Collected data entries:
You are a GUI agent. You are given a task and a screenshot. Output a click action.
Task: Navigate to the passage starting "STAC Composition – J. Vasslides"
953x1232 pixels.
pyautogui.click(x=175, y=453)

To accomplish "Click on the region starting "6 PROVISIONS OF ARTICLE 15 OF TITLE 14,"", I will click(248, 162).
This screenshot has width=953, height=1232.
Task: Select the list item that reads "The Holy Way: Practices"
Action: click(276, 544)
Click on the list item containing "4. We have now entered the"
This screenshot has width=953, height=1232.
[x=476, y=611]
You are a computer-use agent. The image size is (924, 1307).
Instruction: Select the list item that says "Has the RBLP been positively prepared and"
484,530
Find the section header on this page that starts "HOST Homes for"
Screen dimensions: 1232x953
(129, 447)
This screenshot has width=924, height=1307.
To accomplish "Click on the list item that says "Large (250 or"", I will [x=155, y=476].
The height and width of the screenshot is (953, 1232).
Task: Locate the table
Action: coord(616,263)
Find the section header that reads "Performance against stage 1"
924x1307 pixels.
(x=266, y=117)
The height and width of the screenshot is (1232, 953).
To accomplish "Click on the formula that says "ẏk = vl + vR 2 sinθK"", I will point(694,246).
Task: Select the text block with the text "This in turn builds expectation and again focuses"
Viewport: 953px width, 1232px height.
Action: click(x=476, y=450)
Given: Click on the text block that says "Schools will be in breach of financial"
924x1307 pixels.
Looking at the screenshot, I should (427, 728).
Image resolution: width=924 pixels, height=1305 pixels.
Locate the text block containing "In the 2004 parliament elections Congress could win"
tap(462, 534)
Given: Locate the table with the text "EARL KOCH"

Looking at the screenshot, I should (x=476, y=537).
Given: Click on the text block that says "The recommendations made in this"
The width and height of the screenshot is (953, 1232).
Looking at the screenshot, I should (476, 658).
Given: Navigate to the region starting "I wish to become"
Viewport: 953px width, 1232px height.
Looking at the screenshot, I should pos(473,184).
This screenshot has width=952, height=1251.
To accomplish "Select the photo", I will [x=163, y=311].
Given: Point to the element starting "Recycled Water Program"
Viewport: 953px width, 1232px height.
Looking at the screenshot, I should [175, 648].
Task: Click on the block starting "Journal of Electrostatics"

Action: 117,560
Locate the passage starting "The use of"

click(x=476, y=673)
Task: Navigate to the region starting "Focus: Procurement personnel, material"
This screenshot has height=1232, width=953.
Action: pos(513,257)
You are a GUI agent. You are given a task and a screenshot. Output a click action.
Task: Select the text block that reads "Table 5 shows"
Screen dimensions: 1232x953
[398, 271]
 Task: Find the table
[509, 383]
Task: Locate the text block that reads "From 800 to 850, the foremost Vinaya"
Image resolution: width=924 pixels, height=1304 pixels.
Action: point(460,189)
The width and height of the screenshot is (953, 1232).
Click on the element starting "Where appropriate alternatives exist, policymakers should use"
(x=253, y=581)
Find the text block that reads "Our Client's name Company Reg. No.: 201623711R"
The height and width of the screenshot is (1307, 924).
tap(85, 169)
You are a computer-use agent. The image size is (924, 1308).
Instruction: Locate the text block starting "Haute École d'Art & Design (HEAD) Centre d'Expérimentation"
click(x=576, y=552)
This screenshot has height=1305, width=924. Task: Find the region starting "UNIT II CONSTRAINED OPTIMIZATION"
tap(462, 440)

● **WHAT YOU ARE ASKED TO DO**: Every entry must be output again, exactly as written above.

● **RESPONSE BOX**:
You are a GUI agent. You are given a task and a screenshot. Output a click action.
Task: Navigate to the passage starting "STAC Composition – J. Vasslides"
953x1232 pixels.
pyautogui.click(x=175, y=453)

To accomplish "Click on the region starting "6 PROVISIONS OF ARTICLE 15 OF TITLE 14,"", I will click(248, 162).
This screenshot has width=953, height=1232.
Task: Select the list item that reads "The Holy Way: Practices"
Action: click(276, 544)
Click on the list item containing "4. We have now entered the"
This screenshot has width=953, height=1232.
[x=476, y=611]
You are a computer-use agent. The image size is (924, 1307).
Instruction: Select the list item that says "Has the RBLP been positively prepared and"
484,530
Find the section header on this page that starts "HOST Homes for"
Screen dimensions: 1232x953
(129, 447)
This screenshot has width=924, height=1307.
To accomplish "Click on the list item that says "Large (250 or"", I will [x=155, y=476].
The height and width of the screenshot is (953, 1232).
Task: Locate the table
Action: coord(616,263)
Find the section header that reads "Performance against stage 1"
924x1307 pixels.
(x=266, y=117)
The height and width of the screenshot is (1232, 953).
To accomplish "Click on the formula that says "ẏk = vl + vR 2 sinθK"", I will point(694,246).
Task: Select the text block with the text "This in turn builds expectation and again focuses"
Viewport: 953px width, 1232px height.
Action: click(x=476, y=450)
Given: Click on the text block that says "Schools will be in breach of financial"
924x1307 pixels.
Looking at the screenshot, I should (427, 728).
Image resolution: width=924 pixels, height=1305 pixels.
Locate the text block containing "In the 2004 parliament elections Congress could win"
tap(462, 534)
Given: Locate the table with the text "EARL KOCH"

Looking at the screenshot, I should (x=476, y=537).
Given: Click on the text block that says "The recommendations made in this"
The width and height of the screenshot is (953, 1232).
Looking at the screenshot, I should (476, 658).
Given: Navigate to the region starting "I wish to become"
Viewport: 953px width, 1232px height.
Looking at the screenshot, I should pos(473,184).
This screenshot has width=952, height=1251.
To accomplish "Select the photo", I will [x=163, y=311].
Given: Point to the element starting "Recycled Water Program"
Viewport: 953px width, 1232px height.
Looking at the screenshot, I should [175, 648].
Task: Click on the block starting "Journal of Electrostatics"

Action: 117,560
Locate the passage starting "The use of"

click(x=476, y=673)
Task: Navigate to the region starting "Focus: Procurement personnel, material"
This screenshot has height=1232, width=953.
Action: pos(513,257)
You are a GUI agent. You are given a task and a screenshot. Output a click action.
Task: Select the text block that reads "Table 5 shows"
Screen dimensions: 1232x953
[398, 271]
 Task: Find the table
[509, 383]
Task: Locate the text block that reads "From 800 to 850, the foremost Vinaya"
Image resolution: width=924 pixels, height=1304 pixels.
Action: point(460,189)
The width and height of the screenshot is (953, 1232).
Click on the element starting "Where appropriate alternatives exist, policymakers should use"
(x=253, y=581)
Find the text block that reads "Our Client's name Company Reg. No.: 201623711R"
The height and width of the screenshot is (1307, 924).
tap(85, 169)
You are a computer-use agent. The image size is (924, 1308).
Instruction: Locate the text block starting "Haute École d'Art & Design (HEAD) Centre d'Expérimentation"
click(x=576, y=552)
This screenshot has height=1305, width=924. Task: Find the region starting "UNIT II CONSTRAINED OPTIMIZATION"
tap(462, 440)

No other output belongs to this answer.